──────── DATA TO EXAMINE

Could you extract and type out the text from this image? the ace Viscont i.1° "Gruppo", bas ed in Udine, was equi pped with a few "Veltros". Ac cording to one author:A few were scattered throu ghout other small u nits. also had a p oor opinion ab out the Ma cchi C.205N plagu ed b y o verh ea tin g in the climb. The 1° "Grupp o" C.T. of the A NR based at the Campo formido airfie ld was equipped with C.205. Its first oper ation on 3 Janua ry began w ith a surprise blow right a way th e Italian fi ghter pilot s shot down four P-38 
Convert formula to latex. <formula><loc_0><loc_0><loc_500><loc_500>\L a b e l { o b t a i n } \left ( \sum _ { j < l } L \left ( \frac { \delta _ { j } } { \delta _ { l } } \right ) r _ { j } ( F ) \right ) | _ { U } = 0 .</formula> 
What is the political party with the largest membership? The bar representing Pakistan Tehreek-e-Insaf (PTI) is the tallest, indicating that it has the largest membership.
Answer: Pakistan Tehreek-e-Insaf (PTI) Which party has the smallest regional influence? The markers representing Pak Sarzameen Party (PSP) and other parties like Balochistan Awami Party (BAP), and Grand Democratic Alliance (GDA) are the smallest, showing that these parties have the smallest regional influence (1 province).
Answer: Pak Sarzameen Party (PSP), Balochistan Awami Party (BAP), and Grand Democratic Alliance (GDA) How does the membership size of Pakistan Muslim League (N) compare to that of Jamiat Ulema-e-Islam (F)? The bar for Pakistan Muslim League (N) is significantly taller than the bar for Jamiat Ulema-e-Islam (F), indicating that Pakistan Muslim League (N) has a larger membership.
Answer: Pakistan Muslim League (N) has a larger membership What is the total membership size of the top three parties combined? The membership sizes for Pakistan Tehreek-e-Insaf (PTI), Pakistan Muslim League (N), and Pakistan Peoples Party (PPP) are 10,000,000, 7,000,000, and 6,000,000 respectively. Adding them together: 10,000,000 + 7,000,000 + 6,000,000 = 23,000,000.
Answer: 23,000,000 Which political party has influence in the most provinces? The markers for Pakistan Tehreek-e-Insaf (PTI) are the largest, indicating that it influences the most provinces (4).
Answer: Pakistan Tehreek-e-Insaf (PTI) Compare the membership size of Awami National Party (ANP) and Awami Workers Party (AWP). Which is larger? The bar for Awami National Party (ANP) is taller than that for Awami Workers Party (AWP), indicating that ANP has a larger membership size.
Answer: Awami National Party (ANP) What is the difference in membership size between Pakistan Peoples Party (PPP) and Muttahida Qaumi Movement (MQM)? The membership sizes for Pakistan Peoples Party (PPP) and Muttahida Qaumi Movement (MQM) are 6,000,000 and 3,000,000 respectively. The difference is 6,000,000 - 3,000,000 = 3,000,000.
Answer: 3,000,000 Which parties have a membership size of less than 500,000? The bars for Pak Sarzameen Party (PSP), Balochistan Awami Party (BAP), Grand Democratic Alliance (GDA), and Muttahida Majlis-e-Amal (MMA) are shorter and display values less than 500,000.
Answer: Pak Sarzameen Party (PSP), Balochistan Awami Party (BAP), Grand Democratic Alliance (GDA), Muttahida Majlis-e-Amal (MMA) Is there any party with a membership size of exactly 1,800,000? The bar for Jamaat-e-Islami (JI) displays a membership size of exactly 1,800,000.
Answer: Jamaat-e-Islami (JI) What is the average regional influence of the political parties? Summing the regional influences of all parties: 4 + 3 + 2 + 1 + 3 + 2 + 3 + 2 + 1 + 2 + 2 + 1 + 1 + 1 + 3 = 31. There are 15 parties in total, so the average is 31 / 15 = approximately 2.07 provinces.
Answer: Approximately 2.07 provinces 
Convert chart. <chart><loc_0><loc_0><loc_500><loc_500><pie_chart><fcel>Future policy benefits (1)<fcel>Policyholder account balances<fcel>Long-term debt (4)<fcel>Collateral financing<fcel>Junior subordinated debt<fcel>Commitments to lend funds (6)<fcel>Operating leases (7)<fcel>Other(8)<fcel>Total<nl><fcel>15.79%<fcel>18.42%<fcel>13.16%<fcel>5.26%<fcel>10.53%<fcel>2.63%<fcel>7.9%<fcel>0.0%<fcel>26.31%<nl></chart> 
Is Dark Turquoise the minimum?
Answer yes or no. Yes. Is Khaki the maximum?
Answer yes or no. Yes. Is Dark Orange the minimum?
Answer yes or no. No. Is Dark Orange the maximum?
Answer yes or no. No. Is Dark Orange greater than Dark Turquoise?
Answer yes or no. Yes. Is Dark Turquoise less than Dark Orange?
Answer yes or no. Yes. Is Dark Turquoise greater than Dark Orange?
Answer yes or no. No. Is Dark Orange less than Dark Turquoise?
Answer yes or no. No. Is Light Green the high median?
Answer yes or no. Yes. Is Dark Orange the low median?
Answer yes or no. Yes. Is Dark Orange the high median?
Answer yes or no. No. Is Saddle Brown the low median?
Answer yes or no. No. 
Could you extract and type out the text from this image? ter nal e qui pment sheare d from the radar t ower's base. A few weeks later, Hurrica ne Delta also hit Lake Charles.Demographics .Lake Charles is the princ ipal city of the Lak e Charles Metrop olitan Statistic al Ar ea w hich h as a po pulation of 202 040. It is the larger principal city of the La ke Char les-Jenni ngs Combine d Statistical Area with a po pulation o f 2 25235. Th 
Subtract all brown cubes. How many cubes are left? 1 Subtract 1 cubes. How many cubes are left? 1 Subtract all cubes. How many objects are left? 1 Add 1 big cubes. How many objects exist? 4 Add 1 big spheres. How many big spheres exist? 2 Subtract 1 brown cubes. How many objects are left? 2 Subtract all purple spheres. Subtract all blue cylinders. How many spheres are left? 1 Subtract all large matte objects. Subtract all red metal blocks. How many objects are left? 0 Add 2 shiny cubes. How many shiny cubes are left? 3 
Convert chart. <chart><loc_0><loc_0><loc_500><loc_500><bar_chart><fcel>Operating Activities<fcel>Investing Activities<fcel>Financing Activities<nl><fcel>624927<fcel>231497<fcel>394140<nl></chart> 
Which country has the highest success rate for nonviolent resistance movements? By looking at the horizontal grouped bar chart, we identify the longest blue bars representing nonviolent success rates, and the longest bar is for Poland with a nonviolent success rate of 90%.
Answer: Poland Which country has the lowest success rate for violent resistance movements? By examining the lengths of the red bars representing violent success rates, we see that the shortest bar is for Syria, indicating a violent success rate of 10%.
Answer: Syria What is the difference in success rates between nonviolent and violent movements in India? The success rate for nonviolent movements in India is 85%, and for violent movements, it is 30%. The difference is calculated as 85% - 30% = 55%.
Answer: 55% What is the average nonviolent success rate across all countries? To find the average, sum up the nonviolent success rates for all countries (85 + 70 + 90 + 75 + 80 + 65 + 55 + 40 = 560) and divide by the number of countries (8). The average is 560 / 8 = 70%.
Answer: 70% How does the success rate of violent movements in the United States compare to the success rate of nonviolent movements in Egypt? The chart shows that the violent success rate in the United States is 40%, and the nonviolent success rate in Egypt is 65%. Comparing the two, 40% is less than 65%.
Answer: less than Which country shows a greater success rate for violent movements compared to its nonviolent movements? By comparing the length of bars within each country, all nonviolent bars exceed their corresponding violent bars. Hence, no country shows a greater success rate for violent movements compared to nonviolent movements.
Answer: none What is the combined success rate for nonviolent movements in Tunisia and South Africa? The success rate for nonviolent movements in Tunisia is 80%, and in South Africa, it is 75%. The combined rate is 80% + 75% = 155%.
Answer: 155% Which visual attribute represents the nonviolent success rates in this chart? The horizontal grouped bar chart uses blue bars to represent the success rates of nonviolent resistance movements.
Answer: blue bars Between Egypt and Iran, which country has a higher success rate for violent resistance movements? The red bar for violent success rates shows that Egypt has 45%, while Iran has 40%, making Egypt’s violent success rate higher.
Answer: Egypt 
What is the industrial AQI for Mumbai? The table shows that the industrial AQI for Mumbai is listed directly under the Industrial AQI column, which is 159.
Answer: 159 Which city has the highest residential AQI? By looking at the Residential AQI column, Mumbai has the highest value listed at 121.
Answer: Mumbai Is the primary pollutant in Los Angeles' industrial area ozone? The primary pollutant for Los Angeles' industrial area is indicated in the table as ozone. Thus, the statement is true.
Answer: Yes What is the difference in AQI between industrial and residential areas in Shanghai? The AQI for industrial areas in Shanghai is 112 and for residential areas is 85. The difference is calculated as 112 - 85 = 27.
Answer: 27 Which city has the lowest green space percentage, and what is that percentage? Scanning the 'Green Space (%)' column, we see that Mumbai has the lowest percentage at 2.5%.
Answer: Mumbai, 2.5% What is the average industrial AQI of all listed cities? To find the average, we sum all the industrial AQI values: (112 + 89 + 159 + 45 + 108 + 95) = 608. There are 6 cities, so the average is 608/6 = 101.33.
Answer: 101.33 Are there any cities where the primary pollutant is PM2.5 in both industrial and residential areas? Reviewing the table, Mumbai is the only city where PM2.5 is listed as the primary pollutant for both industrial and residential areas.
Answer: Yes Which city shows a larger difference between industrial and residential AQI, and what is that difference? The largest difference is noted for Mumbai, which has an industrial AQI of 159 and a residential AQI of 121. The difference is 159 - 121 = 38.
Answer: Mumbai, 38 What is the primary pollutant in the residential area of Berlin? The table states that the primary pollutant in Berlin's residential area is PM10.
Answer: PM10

────────────────

[EXERCISE REQUIREMENTS]: Where a line in the listing above holds the string "have", include it in your count, and answer with the number alone.

[EXERCISE RESPONSE]: 2